The king nodded. No gray hair nodded with him, though not having viewed himself that morning he could not be certain of that. “Which explains why our people hold such elaborate and energetic funerals. We entertain the immortals in order that they might be persuaded to help us recover the strength and unity stolen from us by death. However — and this occurred to me only last night as I lay abed undreaming — the clan usually succeeds in closing that breach death tore in its defenses, but what of the one who died? In some regions, they believe that he will pop up again in springtime like a crocus, but never have I observed such a blooming. In the past, I have thought: I shall entrust myself to whoever is more powerful in the next world, the gods or the demons. Yet now, my own speedy demise a rising possibility, I do not willingly submit to playing the part of prize in an other-worldly tug-of-war.”

“Is this blasphemy, my lord?”

“I think not. Those who crafted me, be they gods or demons, crafted this mind that shapes my resistance to their schemes. Surely they were wise enough, at the wheel where I was thrown, to anticipate future resistance in the heart they were abuilding.” Alobar looked at her hopefully. “Can you not agree?”

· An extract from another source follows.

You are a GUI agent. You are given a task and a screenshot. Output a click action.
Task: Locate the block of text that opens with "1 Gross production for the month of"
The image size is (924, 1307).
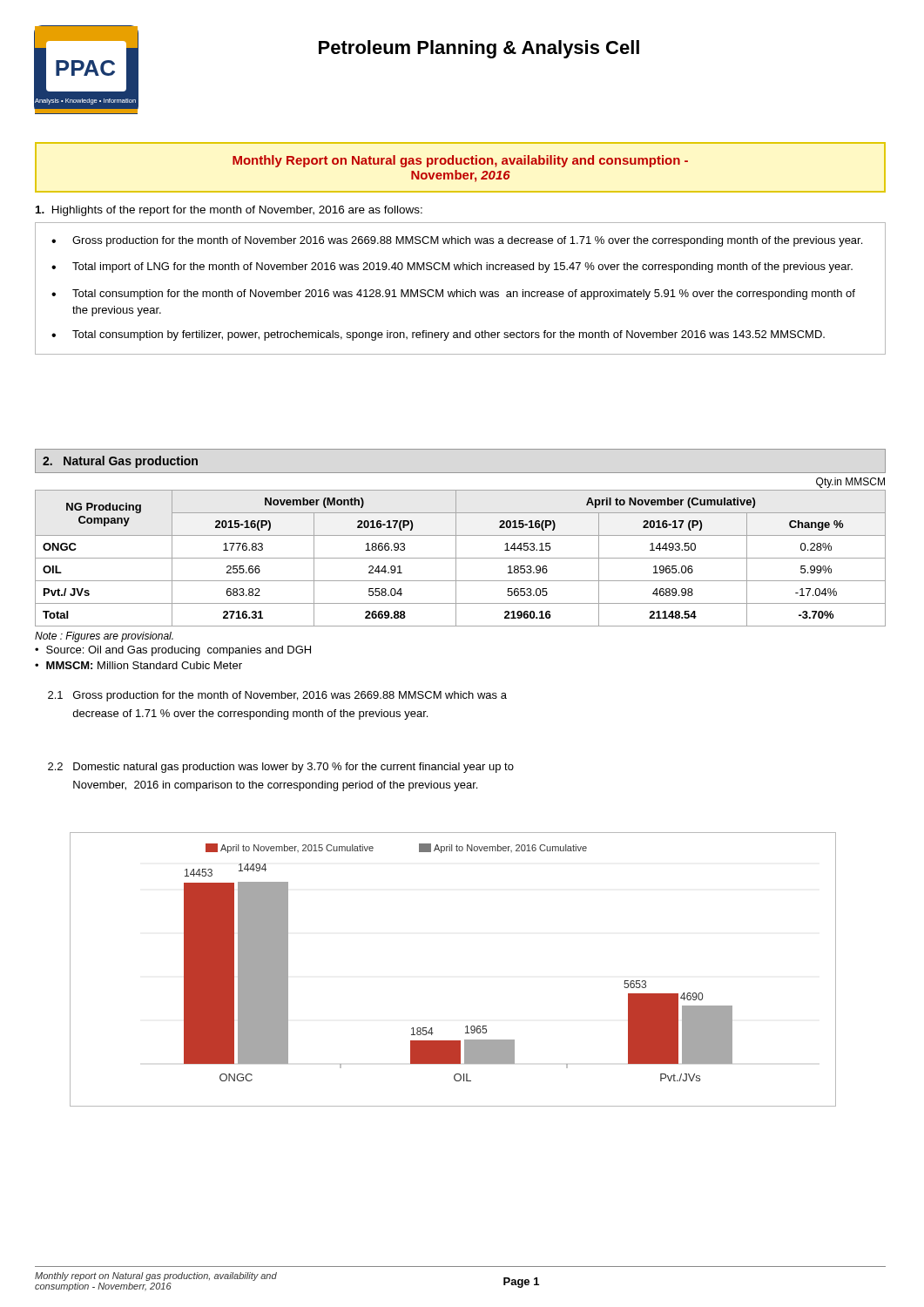(x=271, y=704)

Wren placed her own soft hand upon Mik's coat. At her touch, the huge hound seemed almost to purr. “I can neither agree nor disagree. I came here this dawn a quarter asleep, expecting to have my furrow plowed, only to have you sow in my mind such strange ideas.” She gave her fingers to Mik so that he might affectionately wet them.

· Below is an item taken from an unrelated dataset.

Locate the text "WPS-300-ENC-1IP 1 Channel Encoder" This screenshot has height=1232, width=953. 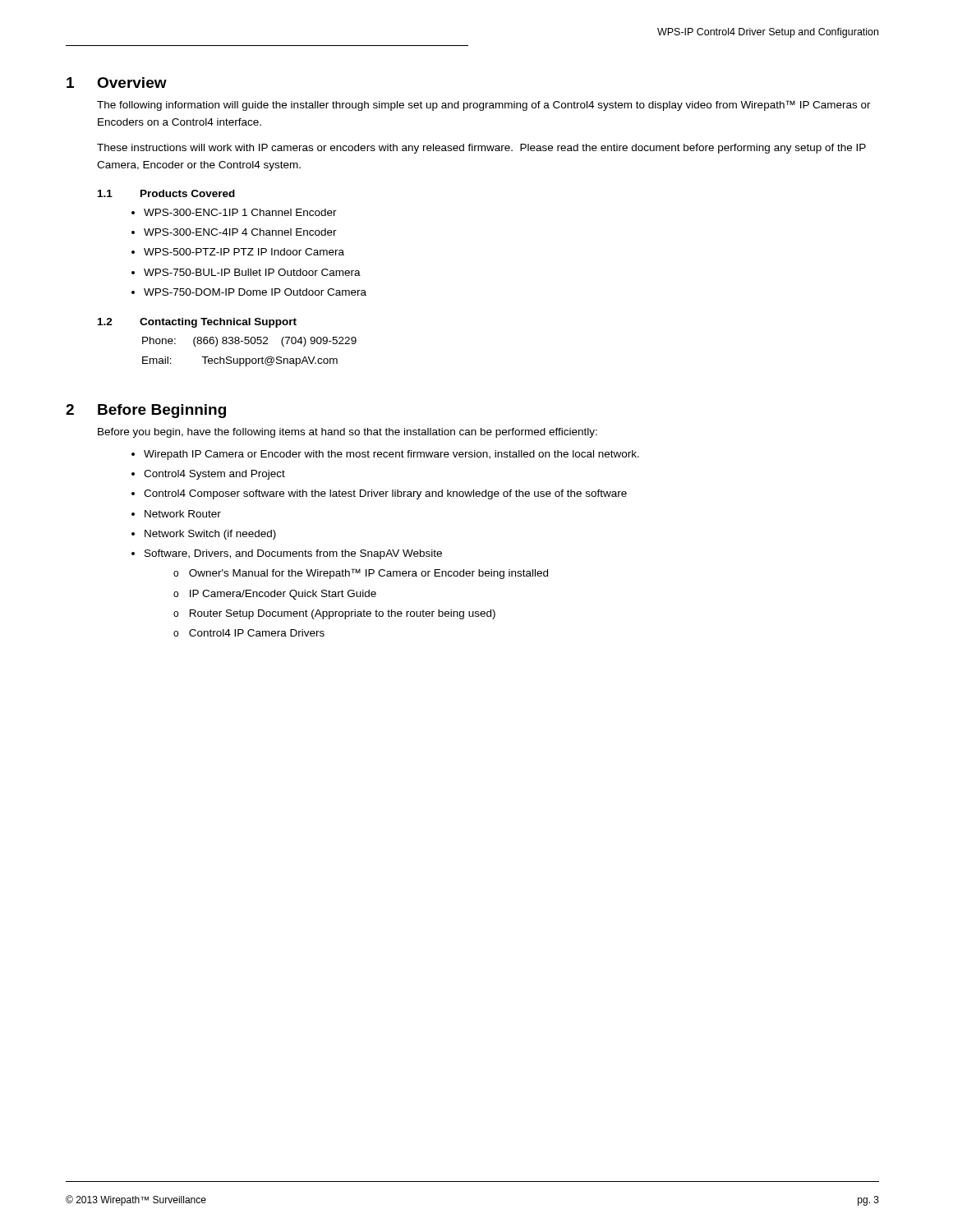point(240,212)

“Perhaps,” said Alobar, “I ought to turn to the necromancer for advice.”

“No, no, Alobar. Do not. Please do not.”

“Indeed, why?”

“This is hard for me to express, my lord, but I shall try. The kings of your ancestors have been celebrated around many a bonfire. But celebrated for cunning and for brawn. Wisdom, true knowledge, has been the province of the necromancer alone. You have changed all that, and Noog does not like it. You must forgive what I am about to say, for it is fact. There are men inside these city walls more powerfully built than you, Alobar; more adept with the spear. Men who can run faster, hurl a stone farther, face an awesome enemy with an equal absence of trembling, and pacify a harem with as sturdy a shaft. But you, well, while I cannot imagine how you acquired it, you have a brain. Time and time again, you have demonstrated your unusual ability to see inside of men and to interpret the silent pleas they aim at the stars. In the past, many kings have ruled this people. You have governed them.”

“Governed?”

“It is a Hellenic word—”

“Hellenic.” Alobar closed his eyes and thought of what he had heard of the Hellenic city-states far to the southeast, near the edge of the earth. How glorious they were rumored to have been, how wealthy and learned and proud of their arts. Long ago northern tribes, not unlike his ancestors, had sacked them. What good was righteous governing if rough people could come along at will and chop you up?

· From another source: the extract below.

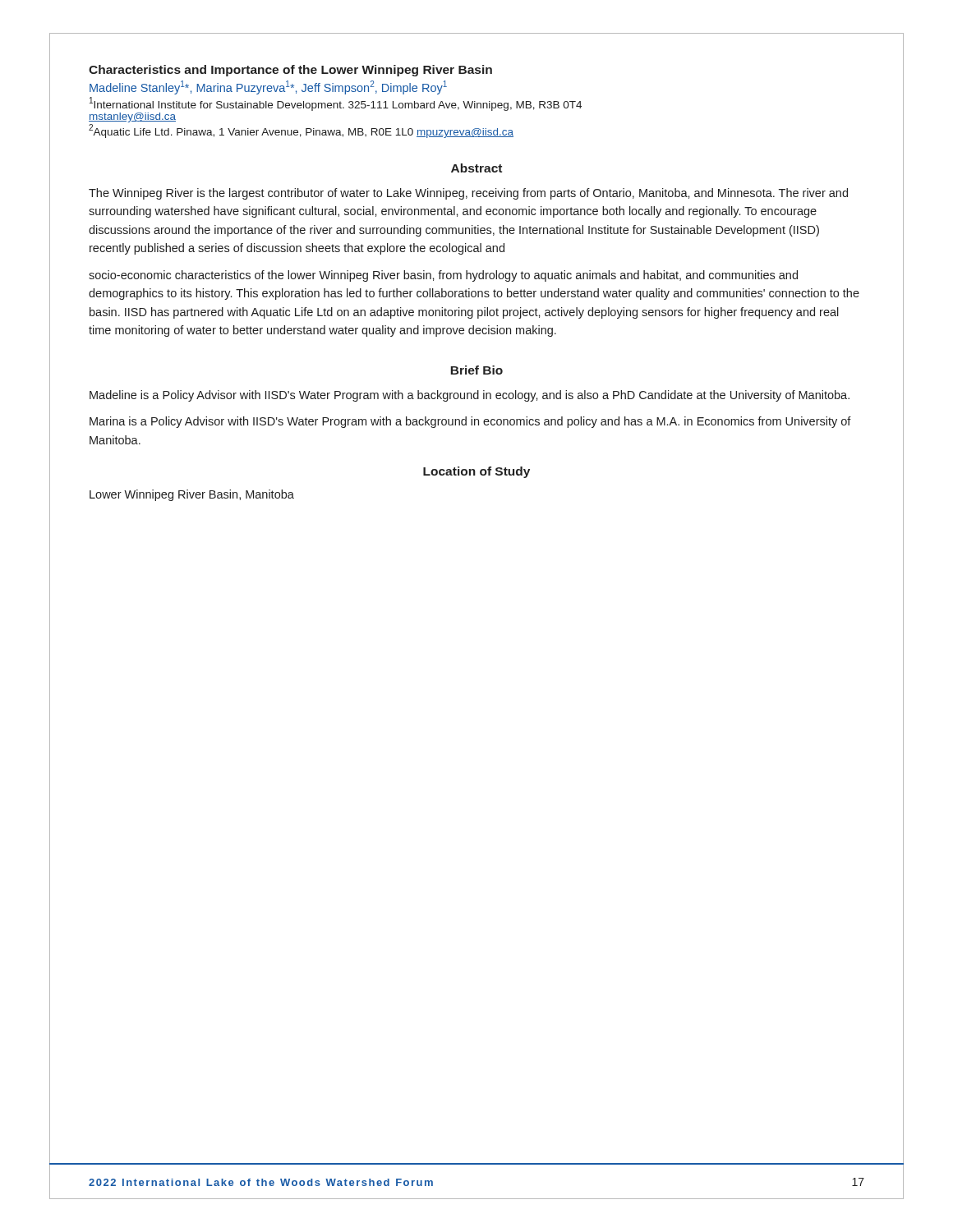Locate the passage starting "Madeline is a Policy Advisor"
Image resolution: width=953 pixels, height=1232 pixels.
[470, 395]

“—a Hellenic word, meaning to exercise a directing influence. That you have done. The heroics of past rulers only kept your kingdom in a state of agitation. You have calmed it. And Noog resents you for that, because as a result of your reasonable leadership, the necromancer is less necessary and less admired.”

“I am not surprised. There is a limit to the admiration we may hold for a man who spends his waking hours poking the contents of chickens with a stick.”

“Divination has its worth.”

“Yes, and so, perhaps, does the elimination of time-trapped kings. Yet, rebellion stirs within me this daybreak. I appreciate your warning about Noog. Were I to tell him what I am about to tell you, dear Wren, I would be dining on bitter egg ere the moon is ripe. I have seen kings bite that egg, watched them turn green as ivy leaves and flap about the yard like freshly beheaded fowl. And all the while the populace onlooking as if it were at a bear-and-dog match. Now, in the eyes of the stars, men may be no more exalted than beasts, and kingly men no worthier than the wretched. Well, forgive me, perhaps the sap of that silver hair has made me drunk from inside my skull, but I am seized with desire to be something more. Something whose echo can drown out the rattle of death.”

As Wren blinked her bituminous lashes at his queer behavior, Alober stood, disrobed, and turned slowly around and around before her like prime merchandise at a slave market. Save for the occasional phosphorus mark where some blade had stung him, his body was smooth and tan, braided with muscle, supple, quick; neither as massive nor as hairy as many warriors who had marched behind him. His chestnut mane was chopped an inch below the ears, his beard was shaggy and full. Less prominent than her own southern model (maybe there is simply more to whiff in tropic climes), his nose was banded at the bridge with a ribbon of scar tissue. His eyes, bright as torches in an ice cave, were so blue they seemed on certain days to bleed into the sky. Alobar's mouth, what could be glimpsed of it through the whiskers, was thinner than the meaty mouths of his fellows, and at the same time less crude; it reminded Wren of her late father's mouth, and she admired it most of all. On several occasions in his company, she had come within a pucker of discovering kissing.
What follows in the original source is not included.